In just under three months, the Bangladesh Bank has purchased nearly $1.9 billion from local banks this fiscal year, including $265 million in a single day and $129.5 million through an auction last week. For many people, this seems puzzling. Prices are still rising, families are cutting down on essentials, and yet the central bank is spending heavily to buy dollars instead of allowing the Taka to strengthen and make imports cheaper.
Around the world, many argue the dollar is losing its shine, but it remains the currency that drives trade, settles debt and secures investor trust. For a country like Bangladesh, which buys far more than it sells, keeping a steady flow of dollars is still vital. The question is: why now, and why so aggressively?
To make sense of this, it helps to look back a few years. During the Covid period, Bangladesh recorded strong remittances and export earnings, but the exchange rate was held almost fixed. It seemed stable at the time, but when the Ukraine war began and global prices surged, both importers and exporters suddenly lost purchasing power. Loans sanctioned in Taka could buy far less, forcing businesses to cut production and slow operations. That is one of the key reasons the economy is still struggling to regain momentum. Had the Taka been allowed to appreciate slightly back then, the country might have entered this global crisis with stronger reserves and a little more room to manoeuvre.
The Bangladesh Bank appears to have learned that lesson. By buying dollars now, it is rebuilding the emergency tank. Strong reserves mean the country can pay for fuel, medicine and food without panic if global markets turn volatile again. This time, the central bank is letting the dollar price reflect supply and demand rather than holding it down artificially. That is a significant shift, one many economists had urged for years.

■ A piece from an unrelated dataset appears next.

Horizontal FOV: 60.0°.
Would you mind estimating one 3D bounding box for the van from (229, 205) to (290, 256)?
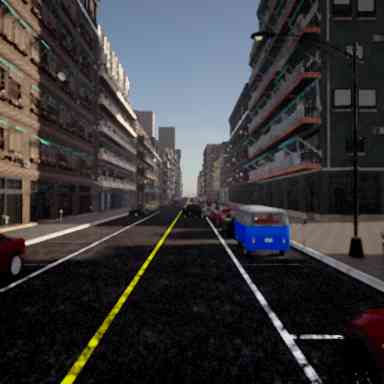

There is another side. When the central bank buys dollars, the supply in the market falls. That raises the price of the dollar in Taka terms, frustrating importers but rewarding exporters and remittance earners. Migrant workers are more likely to send money through banks when their families get more Taka per dollar. Exporters also repatriate earnings more quickly when the rate is attractive. Over time, this steady flow of dollars can make the market more balanced and predictable. Higher returns in local currency also make Bangladesh more appealing to foreign investors seeking competitive gains, which could attract more FDI.
None of this makes life easier for ordinary people right now. Inflation remains high, groceries and utilities are costly, and each trip to the bazaar feels heavier on the pocket. A stronger Taka could have provided some relief by lowering import prices, but policymakers seem willing to accept that pain as a calculated trade-off. They are relying on tools such as tighter credit, import prioritisation and price monitoring to bring inflation down gradually, while using this exchange rate policy to strengthen reserves. If the mix works, Bangladesh could emerge with a more stable currency and stronger financial footing.
Credit is due where it belongs. The central bank has opened the market for the dollar and allowed supply and demand to set the rate. This has made the exchange rate more transparent and signalled that the country is ready for a more market-driven approach. The cost is that families are carrying a heavier burden today. But if people see this hardship as part of a bigger plan leading to a stronger economy, they may be willing to endure it. Done right, this could mark the beginning of a more resilient Bangladesh, better prepared for the next shock and ready to attract investment, create jobs and grow with confidence in the years ahead.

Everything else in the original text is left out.